With Gwen on stable footing, Stone returned late last year to rethink Maude.
The creative concept was working, said Stone, “But at some point, you’re on that treadmill, and, like anything in life, you get a little lethargic. It felt like work and not something we were loving doing. So we said, ‘Look, let’s stop this.’”
The restaurant closed after New Year's Eve for a revamp of the menu and a refresh of the interior.
Gone are the monthly tasting menus. Maude will now focus on four menus throughout the year, each inspired by different wine regions across the world.
First up: Spain’s Rioja region.
Stone and his team traveled there in the fall of 2017 for inspiration.

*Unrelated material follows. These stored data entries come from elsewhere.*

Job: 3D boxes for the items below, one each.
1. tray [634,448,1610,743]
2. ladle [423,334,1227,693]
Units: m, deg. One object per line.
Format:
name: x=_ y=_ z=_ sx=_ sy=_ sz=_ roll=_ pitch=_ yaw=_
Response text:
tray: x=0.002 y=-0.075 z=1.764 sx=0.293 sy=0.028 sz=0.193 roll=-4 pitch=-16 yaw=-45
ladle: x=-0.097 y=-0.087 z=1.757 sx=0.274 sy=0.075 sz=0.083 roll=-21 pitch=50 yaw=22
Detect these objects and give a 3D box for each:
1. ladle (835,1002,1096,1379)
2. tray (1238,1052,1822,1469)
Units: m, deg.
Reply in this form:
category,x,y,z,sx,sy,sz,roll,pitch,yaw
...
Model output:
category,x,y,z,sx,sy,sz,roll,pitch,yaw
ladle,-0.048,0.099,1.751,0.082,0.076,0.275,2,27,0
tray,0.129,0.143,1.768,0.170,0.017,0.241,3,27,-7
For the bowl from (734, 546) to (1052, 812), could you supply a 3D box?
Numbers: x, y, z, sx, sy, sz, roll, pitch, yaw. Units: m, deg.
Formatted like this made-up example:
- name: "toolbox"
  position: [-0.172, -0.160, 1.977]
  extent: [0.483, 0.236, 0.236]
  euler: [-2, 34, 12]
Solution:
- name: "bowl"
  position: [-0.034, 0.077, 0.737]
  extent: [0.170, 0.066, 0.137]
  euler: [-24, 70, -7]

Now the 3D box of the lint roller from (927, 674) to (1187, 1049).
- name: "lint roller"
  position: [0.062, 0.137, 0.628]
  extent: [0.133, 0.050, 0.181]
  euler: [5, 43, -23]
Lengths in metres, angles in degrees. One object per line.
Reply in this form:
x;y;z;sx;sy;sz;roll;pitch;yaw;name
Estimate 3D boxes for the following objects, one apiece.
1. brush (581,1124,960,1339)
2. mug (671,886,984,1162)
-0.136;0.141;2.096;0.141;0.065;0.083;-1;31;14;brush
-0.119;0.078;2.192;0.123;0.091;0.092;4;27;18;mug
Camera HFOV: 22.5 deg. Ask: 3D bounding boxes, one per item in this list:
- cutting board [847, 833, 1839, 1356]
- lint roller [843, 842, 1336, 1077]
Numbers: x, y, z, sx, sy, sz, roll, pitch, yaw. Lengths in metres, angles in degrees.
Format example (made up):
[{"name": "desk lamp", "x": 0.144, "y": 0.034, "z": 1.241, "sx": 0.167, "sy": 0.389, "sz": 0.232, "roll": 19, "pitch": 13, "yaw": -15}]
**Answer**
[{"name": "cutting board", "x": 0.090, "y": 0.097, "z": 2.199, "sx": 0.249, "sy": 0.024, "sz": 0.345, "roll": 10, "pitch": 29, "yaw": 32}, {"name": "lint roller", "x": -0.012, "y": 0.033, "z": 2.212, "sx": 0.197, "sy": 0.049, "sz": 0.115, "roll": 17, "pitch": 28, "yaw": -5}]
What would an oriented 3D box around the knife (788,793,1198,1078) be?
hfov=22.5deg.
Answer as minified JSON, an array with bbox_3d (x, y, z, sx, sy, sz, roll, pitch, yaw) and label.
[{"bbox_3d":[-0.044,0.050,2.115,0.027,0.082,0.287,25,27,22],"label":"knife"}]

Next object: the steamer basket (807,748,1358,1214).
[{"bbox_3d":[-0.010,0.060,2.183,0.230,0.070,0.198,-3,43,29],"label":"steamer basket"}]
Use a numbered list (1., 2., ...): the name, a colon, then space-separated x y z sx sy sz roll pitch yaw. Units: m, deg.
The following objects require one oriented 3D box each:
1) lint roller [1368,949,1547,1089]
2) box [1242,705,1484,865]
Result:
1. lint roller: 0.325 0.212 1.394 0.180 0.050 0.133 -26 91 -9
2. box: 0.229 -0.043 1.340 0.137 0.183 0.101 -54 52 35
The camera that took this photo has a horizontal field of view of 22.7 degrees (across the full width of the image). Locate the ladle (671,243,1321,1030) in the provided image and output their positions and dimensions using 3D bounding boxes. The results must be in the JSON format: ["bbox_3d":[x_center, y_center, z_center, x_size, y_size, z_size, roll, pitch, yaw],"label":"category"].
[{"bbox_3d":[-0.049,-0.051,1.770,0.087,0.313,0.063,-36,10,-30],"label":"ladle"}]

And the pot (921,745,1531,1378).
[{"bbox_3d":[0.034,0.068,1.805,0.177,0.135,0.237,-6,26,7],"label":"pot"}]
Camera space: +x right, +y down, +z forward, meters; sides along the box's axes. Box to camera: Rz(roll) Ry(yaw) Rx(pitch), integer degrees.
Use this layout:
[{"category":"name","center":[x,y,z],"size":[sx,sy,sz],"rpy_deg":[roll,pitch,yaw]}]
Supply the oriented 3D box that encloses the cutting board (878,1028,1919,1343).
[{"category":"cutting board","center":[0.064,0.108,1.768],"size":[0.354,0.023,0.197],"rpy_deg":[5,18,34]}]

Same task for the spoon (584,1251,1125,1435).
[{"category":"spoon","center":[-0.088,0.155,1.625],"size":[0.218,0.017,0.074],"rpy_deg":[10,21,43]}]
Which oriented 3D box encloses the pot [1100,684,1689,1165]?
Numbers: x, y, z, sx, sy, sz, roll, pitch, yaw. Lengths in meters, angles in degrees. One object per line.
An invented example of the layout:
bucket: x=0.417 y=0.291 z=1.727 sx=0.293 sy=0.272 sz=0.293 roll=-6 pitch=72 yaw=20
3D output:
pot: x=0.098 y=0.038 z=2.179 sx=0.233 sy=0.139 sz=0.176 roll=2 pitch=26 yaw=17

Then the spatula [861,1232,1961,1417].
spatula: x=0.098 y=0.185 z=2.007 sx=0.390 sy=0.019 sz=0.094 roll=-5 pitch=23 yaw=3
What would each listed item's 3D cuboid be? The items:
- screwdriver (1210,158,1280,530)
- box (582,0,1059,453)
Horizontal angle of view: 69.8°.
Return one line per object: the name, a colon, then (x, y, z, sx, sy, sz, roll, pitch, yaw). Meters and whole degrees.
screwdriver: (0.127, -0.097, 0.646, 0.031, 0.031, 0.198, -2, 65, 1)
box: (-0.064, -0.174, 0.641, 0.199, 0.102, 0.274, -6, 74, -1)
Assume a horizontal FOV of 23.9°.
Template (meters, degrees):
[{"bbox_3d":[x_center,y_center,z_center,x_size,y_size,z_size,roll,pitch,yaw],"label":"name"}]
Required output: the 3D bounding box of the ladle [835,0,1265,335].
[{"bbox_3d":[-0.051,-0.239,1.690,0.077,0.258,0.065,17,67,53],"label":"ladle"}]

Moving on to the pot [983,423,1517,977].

It was a reunion of sorts for Maude’s executive chef Justin Hilbert, who staged in Spain at the two-Michelin-star restaurant Mugaritz years ago.
“We drank lots of wine and looked at architecture and heard great music and met a bunch of locals and ate in great restaurants and walked around markets,” Stone said. “If you think about the cuisine as a whole, and who and what it is, it’s a reflection of the culture. It’s a really romantic culture that has a really detailed, romantic cuisine.”
The trip included a visit to the Marqués de Riscal winery, where a hotel designed by architect Frank Gehry evokes a gypsy dancer’s skirts. The crew also hunted for mushrooms with chef Francis Paniego of the Michelin-starred restaurant Echaurren in Ezcaray. And the team visited the 120-year-old vines of organic viticulture expert Juan Carlos Sancha, a professor of enology at the University of La Rioja, who wowed the chefs with a bean dish made of pig ears and chorizo that Stone said, “would just blow you away.”
At Maude, those experiences translated into dishes like a plating of roasted maitake, yellow foot, hedgehog, trumpet and chanterelle mushrooms, perhaps touched with juniper-wood vinegar and coriander, depending on the mushrooms available.
A variation on Sancha’s pork and beans dish uses skull stock, crispy pig bits, chorizo paste and rosemary flower. And steak, or chuletón, served with Spanish tortilla will attempt to recreate a wood-fired ribeye Stone enjoyed at Restaurante Alameda in Fuenmayor.
“The balance of beef and fat was just perfect,” Stone said.
There’s still no à la carte dining at Maude, where the pricing used to range from about $90 to $325, depending on the featured ingredient under the old format.
Maude’s Rioja menu is priced at $125 for 10 courses, and wine pairings are available for an additional $125, $250 or $500. There’s no corkage fee for customers who would like to bring their own wine from Rioja, Stone said.
The restaurant uses the Tock ticketing system, and reservations will be released for each season.
Before reopening, in January Stone brought a team of about a dozen staffers from Maude on the next trip for the second-quarter menu, but he’s not saying where.
“That will be a surprise,” Stone said.
Maude’s interior has also been refreshed to reflect the menu change, with new chairs and tables, new carpeting and wall art that will reflect the region represented. The renovation also extended the wine cellar and included upgrades to the kitchen, he said.
Roughly $200,000 was invested in the space, Stone said. But the key has been to make sure he and his team were eager to get out of bed in the morning and do something new.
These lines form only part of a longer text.